◆ **PROBLEM TO SOLVE**
Please tally the lines below that contain the word "than" and reply with the total alone.
- Opening Delimiter -
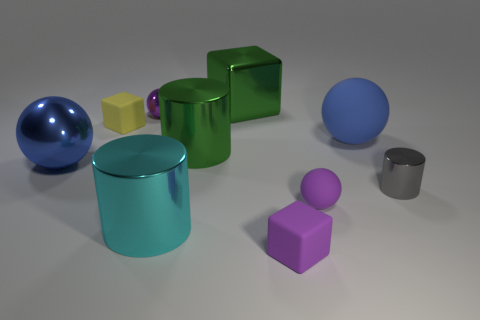Subtract all brown spheres. Subtract all green blocks. How many spheres are left? 4 Subtract all cylinders. How many objects are left? 7 Add 7 large shiny blocks. How many large shiny blocks exist? 8 Subtract 1 yellow cubes. How many objects are left? 9 Subtract all purple rubber objects. Subtract all cyan shiny objects. How many objects are left? 7 Add 6 large cyan metallic cylinders. How many large cyan metallic cylinders are left? 7 
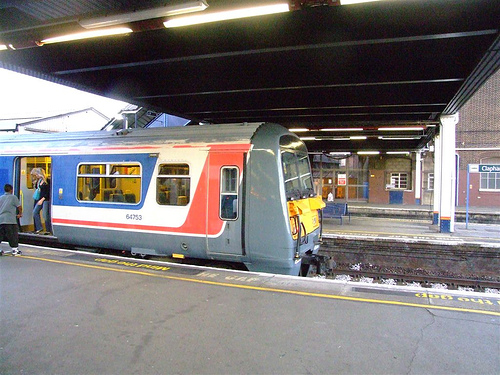What time of day does it seem to be at the train station? Judging by the lighting and shadows in the image, it appears to be daytime, possibly morning or late afternoon. 
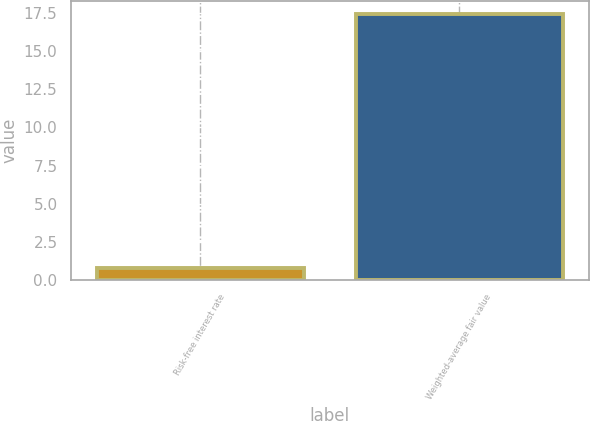Convert chart to OTSL. <chart><loc_0><loc_0><loc_500><loc_500><bar_chart><fcel>Risk-free interest rate<fcel>Weighted-average fair value<nl><fcel>0.75<fcel>17.46<nl></chart> 
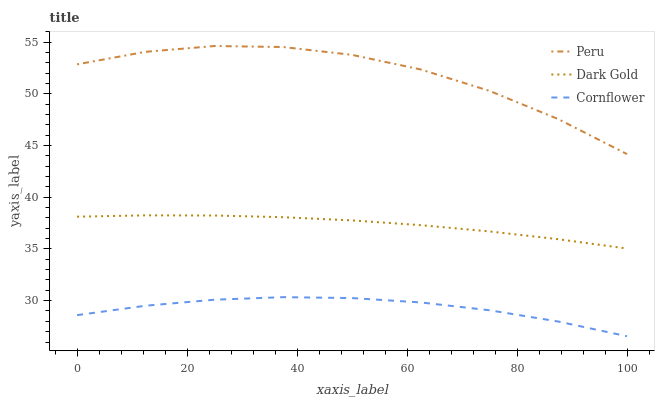Does Cornflower have the minimum area under the curve?
Answer yes or no. Yes. Does Peru have the maximum area under the curve?
Answer yes or no. Yes. Does Dark Gold have the minimum area under the curve?
Answer yes or no. No. Does Dark Gold have the maximum area under the curve?
Answer yes or no. No. Is Dark Gold the smoothest?
Answer yes or no. Yes. Is Peru the roughest?
Answer yes or no. Yes. Is Peru the smoothest?
Answer yes or no. No. Is Dark Gold the roughest?
Answer yes or no. No. Does Cornflower have the lowest value?
Answer yes or no. Yes. Does Dark Gold have the lowest value?
Answer yes or no. No. Does Peru have the highest value?
Answer yes or no. Yes. Does Dark Gold have the highest value?
Answer yes or no. No. Is Cornflower less than Dark Gold?
Answer yes or no. Yes. Is Dark Gold greater than Cornflower?
Answer yes or no. Yes. Does Cornflower intersect Dark Gold?
Answer yes or no. No. 
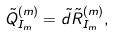Convert formula to latex. <formula><loc_0><loc_0><loc_500><loc_500>\tilde { Q } _ { I _ { m } } ^ { ( m ) } = \tilde { d } \tilde { R } _ { I _ { m } } ^ { ( m ) } ,</formula> 
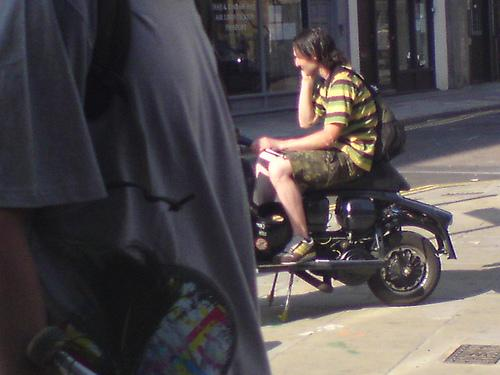Identify the object casting a shadow on the pavement in the image. The motorcycle has cast a shadow on the pavement. Briefly describe the state of the man's hair in the picture. The man has medium to long-length hair. Estimate the number of different colors in the man's shirt. The man's shirt has at least three different colors: red, purple, and yellow. Can you identify a specific feature about the man's shirt in the photograph? The man's shirt is multi-colored with a striped pattern consisting of brown, yellow, and green colors. Can you find any accessories that the man is wearing or carrying in the image? The man is wearing a backpack and carrying a bag in his hand. What type of clothing is the man wearing in the picture, besides his shirt and shorts? The man is also wearing a gray tee-shirt. What activity is the main subject engaged in, and what kind of vehicle is he using? The man is sitting on a motorcycle, talking on a cell phone. In the image, provide the details of the man's footwear. The man is wearing white, black, and yellow athletic shoes or tennis shoes. Describe the appearance of the windows in the background of the image. The background features tall glass store windows with writing on them. What type of pattern is on the man's shorts in the image? The man's shorts have a camouflage pattern. What is the relationship between the man and the cell phone? He is talking on it. Describe the shadow that is cast on the ground. motorcycle shadow: X:254 Y:250 Width:245 Height:245 What do you think the brand of the red skateboard leaning against the wall is? No, it's not mentioned in the image. How is the image quality in terms of lighting and details? good lighting and detailed What are the colors of the shirt the man is wearing? red, purple, yellow Identify the different areas of color or texture in the image. man's shirt, camouflage shorts, pavement, glass window, motorcycle Does the man have long or short hair? Medium length hair Are there any words that can be recognized from the writing on the glass window? No recognizable words. Identify any text or writing visible in the image and its location. Writing on glass window: X:211 Y:6 Width:47 Height:47 Which object is associated with the text "red purple yellow stripes"? The man's shirt What patterns can be found on the person's clothes? camouflage on shorts, stripes on the shirt Describe the interaction between the man and the motorcycle. The man is sitting on the motorcycle and talking on the phone. Does the image show a happy or sad emotion? Neutral to happy emotion Are there people or objects that are out of focus in the image? No, all objects are in focus. Is there text on the glass window? If yes, are the words readable? Yes, there is text but it is not readable. How is the man wearing the backpack? on his back, hanging low Determine the color and style of the man's shoes. white, black, yellow sneakers Are there any anomalous objects or occurrences in the image? no anomalies detected List object positions and sizes in the image. man in a striped shirt: X:280 Y:27 Width:125 Height:125, green camo shorts: X:275 Y:129 Width:102 Height:102, motorcycle: X:221 Y:30 Width:274 Height:274 
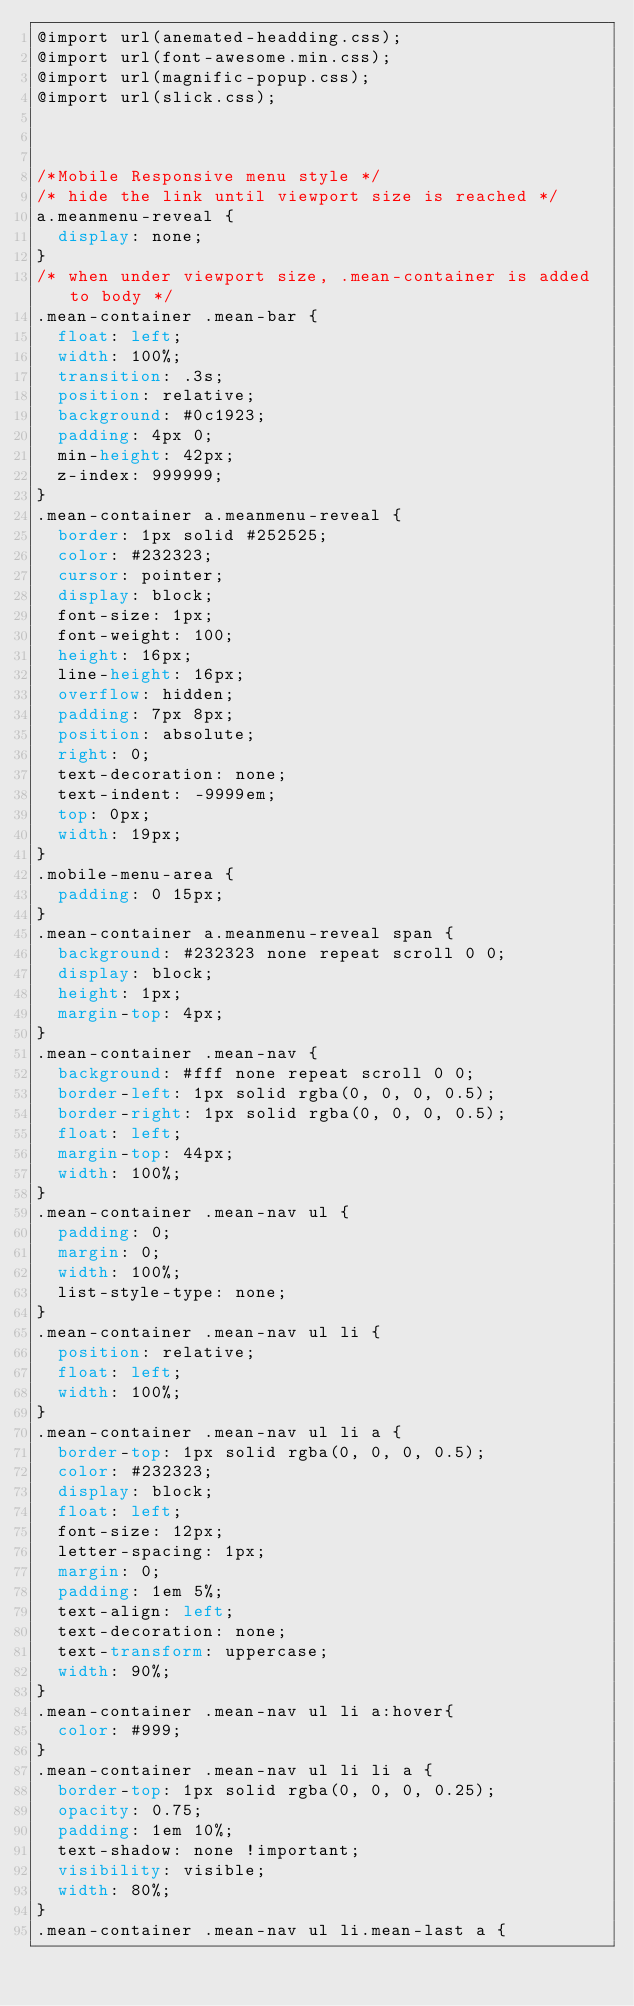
- Closing Delimiter -
◆ **EXPECTED ANSWER**
2